Quelle corvée que d’être l’homme de ménage d’une grande multinationale ! Balayer de longs couloirs sans âme, vider des poubelles au fumet odorant, astiquer des fenêtres souillées par la fumée des cigares. Du matin au soir, toujours la même rengaine : vous enfilez votre tunique à l’esthétique douteuse et vous vous armez de votre fidèle balai, prêt à affronter votre morne quotidien. C’est alors que le grand patron vous annonce l’inespéré : une promotion ! Et là, tout s’emballe dans votre caboche. Vous vous imaginez déjà en train de faire péter le mousseux, d’offrir un Swarovski à votre douce et de payer le Mcdo’ à vos chiards. Mais la réalité vous rattrape bien vite : votre salaire va rester gelé. Pire encore, vous aurez deux fois plus de boulot. Un peu bougon (et soumis), vous vous pliez à votre tâche, en ignorant que votre vie va s’en retrouver bouleversée.

Salaud !

Voilà, dans les grandes lignes, le pitch de départ de The Silent Age. L’action prend place dans les seventies, plus précisément en 1972, peu avant le scandale du Watergate, alors que les États-Unis s’entredéchirent au sujet de la guerre du Vietnam. Vous y incarnez Joe, un ancien vétéran un peu benêt, devenu technicien de surface au sein d’une grande entreprise vraiment PAS GENTILLE DU TOUT, œuvrant à la défense nationale. Alors qu’il accomplit sa basse besogne dans les sous-sols de l’entreprise, qui recèlent un genre de complexe scientifique secret, Joe fait la rencontre d’une vieille personne mourante qui est en réalité un voyageur du temps. Ce dernier lui révèle l’extinction proche de l’humanité et lui confie alors la délicate mission de sauver le monde. Non pas parce qu’il voit briller en Joe l’aura d’un héros en devenir, mais juste parce qu’il est la seule personne présente dans le coin, au grand désarroi de notre vieillard. Faut dire que c’est pas une lumière notre Joe, il est un peu lent.

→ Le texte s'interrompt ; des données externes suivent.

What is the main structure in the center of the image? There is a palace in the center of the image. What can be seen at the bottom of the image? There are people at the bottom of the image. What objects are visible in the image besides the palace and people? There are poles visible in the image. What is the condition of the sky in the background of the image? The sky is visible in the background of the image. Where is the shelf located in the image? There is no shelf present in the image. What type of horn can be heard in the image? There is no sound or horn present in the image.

Du sang… Un chapeau… La soirée a encore mal tourné.

Pour accomplir sa destinée, Joe se voit transmettre un outil technologique sophistiqué lui permettant de voyager dans le temps, entre un 1972 aux relents de guerre froide et un 2012 post-apocalyptique où ne demeurent plus que les spectres de l’humanité. Ainsi, c’est ce transport entre deux époques bien distinctes qui fait toute la particularité de The Silent Age. Afin de progresser et résoudre les énigmes des onze (courts) chapitres qui parsèment l’aventure, Joe va devoir naviguer entre présent et futur : une porte est verrouillée en 1972 ? Faites un bond de trente ans en avant pour la franchir ; une plante vénéneuse obstrue une fenêtre en 2012 ? Revenez donc dans le présent pour empoisonner ses racines et l’empêcher de pousser. Un système ingénieux et bien pensé ; d’autant que le plaisir de zieuter le devenir de chaque (ou presque) tableau du jeu est réellement excitant, car appuyé par une direction artistique très singulière, à la fois accrocheuse et minimaliste.

Il est toujours agréable d’observer les différences entre présent et futur.

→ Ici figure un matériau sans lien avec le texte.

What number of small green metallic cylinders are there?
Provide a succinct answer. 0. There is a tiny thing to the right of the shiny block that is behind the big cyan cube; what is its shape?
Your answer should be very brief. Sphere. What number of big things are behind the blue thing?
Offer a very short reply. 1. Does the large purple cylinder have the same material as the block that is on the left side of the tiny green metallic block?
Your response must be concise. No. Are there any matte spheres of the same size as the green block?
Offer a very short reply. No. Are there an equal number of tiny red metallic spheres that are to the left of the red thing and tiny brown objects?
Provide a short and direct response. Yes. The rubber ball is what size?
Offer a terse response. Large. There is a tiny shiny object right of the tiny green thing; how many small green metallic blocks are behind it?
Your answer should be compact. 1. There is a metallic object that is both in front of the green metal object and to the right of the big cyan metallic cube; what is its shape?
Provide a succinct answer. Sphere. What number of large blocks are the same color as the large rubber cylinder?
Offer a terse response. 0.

Ainsi, les plans s’enchaînent non sans un certain onirisme, et c’est l’œil admiratif que l’on observe un jeu de couleurs audacieux : chaudes pour un présent encore bien vivant ; froides et fanées pour un futur agonisant. Le tout s’accompagne d’une bande-son efficace, tant par sa discrète musique – tantôt envoûtante, tantôt angoissante – que par son voice acting convainquant, même si les lignes de dialogues sont peu nombreuses. En effet, les PNJs se font rares dans le monde de The Silent Age, et Joe ne peut pas interagir avec la majorité d’entre-eux, ce qui renforce le sentiment de solitude du joueur dans un jeu calme, posé et contemplatif.

Oh Joe, quel poète tu fais ! Roulons ensemble jusqu’à la pleine lune mon am… je m’emballe.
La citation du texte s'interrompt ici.